Qu Ming-Ming, Liu Xue-Na, Liu Xin-Guang, Feng Qi, Liu Yang, Zhang Xu, Liu Shuang, Zhang Lei, Li Guo-Sheng, Zhu Yuan-Yuan, Lv Ming-Yun, Peng Jun, Hou Ming
Department of Hematology, Qilu Hospital, Shandong University, 107 West Wenhua Road, Jinan, Shandong 250012, PR China.
Department of Hematology, Qilu Hospital, Shandong University, 107 West Wenhua Road, Jinan, Shandong 250012, PR China.
Cytokine. 2017 Apr;92:110-117. doi: 10.1016/j.cyto.2017.01.013. Epub 2017 Jan 29.
Thrombopoietin receptor agonists (TPO-RAs) have been clinically used in primary immune thrombocytopenia (ITP) with favorable outcomes, while their effect on cytokine regulation in ITP remains unknown. In the present study, plasma and mRNA expression levels of interleukin (IL)-2, interferon gamma (IFN-γ), IL-4, IL-17A, and transforming growth factor-β1 (TGF-β1) were determined by ELISA and real-time quantitative PCR in 26 corticosteroid-resistant/relapsed ITP patients receiving eltrombopag or rhTPO therapy and 15 healthy controls (HCs). Results showed that plasma and mRNA levels of IL-2, IFN-γ, IL-4, and IL-17A in ITP patients did not change significantly after TPO-RA treatment, whereas TGF-β1 levels increased remarkably. The pre- and post-treatment plasma and mRNA levels of IFN-γ and IL-2 were significantly higher, while the pre- and post-treatment IL-4 levels as well as the pre-treatment TGF-β1 levels were remarkably lower in ITP patients compared with HCs. There was no significant difference in TGF-β1 levels between TPO-RA-treated ITP patients and HCs. No statistical difference was found in plasma levels of IL-17A between ITP patients before or after treatment and HCs. However, the pre- and post-treatment mRNA expression of IL-17A and retinoic orphan receptor (ROR) γt in ITP patients were higher than that in HCs. Overall, these findings indicated that TPO-RA treatment could promote the secretion of TGF-β1, while it could not correct the Th1 and Th17 polarization in ITP patients. This study might improve our understanding of the mechanism of action of TPO-RAs and provide important information for optimizing therapeutic strategies for ITP.

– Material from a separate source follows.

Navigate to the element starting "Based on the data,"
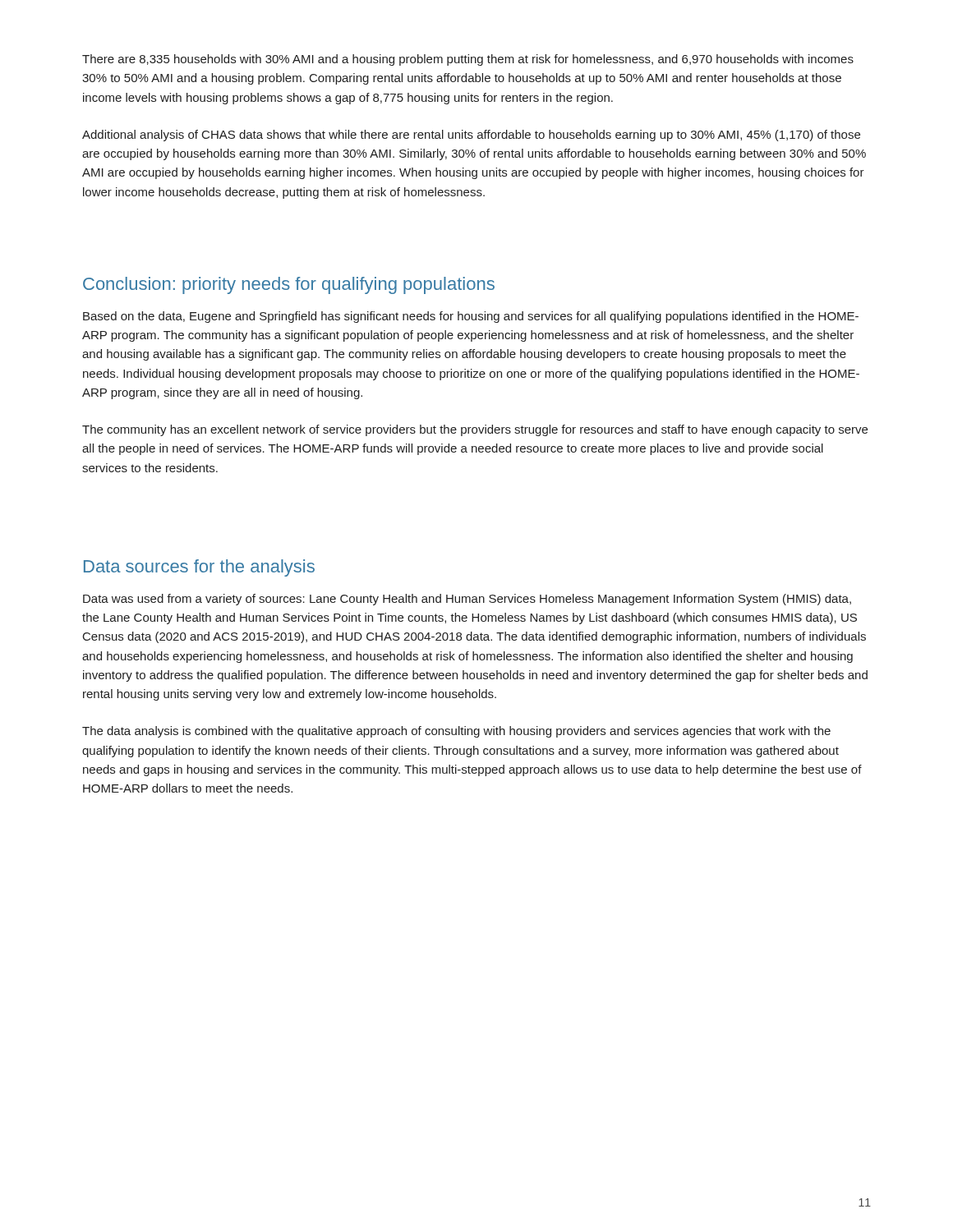This screenshot has height=1232, width=953. tap(471, 354)

血小板生成素受体激动剂(TPO-RAs)已在原发性免疫性血小板减少症(ITP)中临床应用并取得了良好疗效,但其对ITP中细胞因子调节的影响仍不清楚。在本研究中,通过酶联免疫吸附测定(ELISA)和实时定量聚合酶链反应(PCR),测定了26例接受艾曲泊帕或重组人血小板生成素(rhTPO)治疗的糖皮质激素抵抗/复发ITP患者及15名健康对照者(HCs)血浆和mRNA中白细胞介素(IL)-2、干扰素γ(IFN-γ)、IL-4、IL-17A和转化生长因子-β1(TGF-β1)的表达水平。结果显示,TPO-RA治疗后ITP患者血浆和mRNA中IL-2、IFN-γ、IL-4和IL-17A水平无明显变化,而TGF-β1水平显著升高。与HCs相比,ITP患者治疗前后血浆和mRNA中IFN-γ和IL-2水平显著更高,而治疗前后IL-4水平以及治疗前TGF-β1水平显著更低。接受TPO-RA治疗的ITP患者与HCs之间TGF-β1水平无显著差异。ITP患者治疗前后与HCs之间IL-17A血浆水平无统计学差异。然而,ITP患者治疗前后IL-17A和视黄酸孤儿受体(ROR)γt的mRNA表达高于HCs。总体而言,这些发现表明TPO-RA治疗可促进TGF-β1分泌,但不能纠正ITP患者的Th1和Th17极化。本研究可能会增进我们对TPO-RAs作用机制的理解,并为优化ITP治疗策略提供重要信息。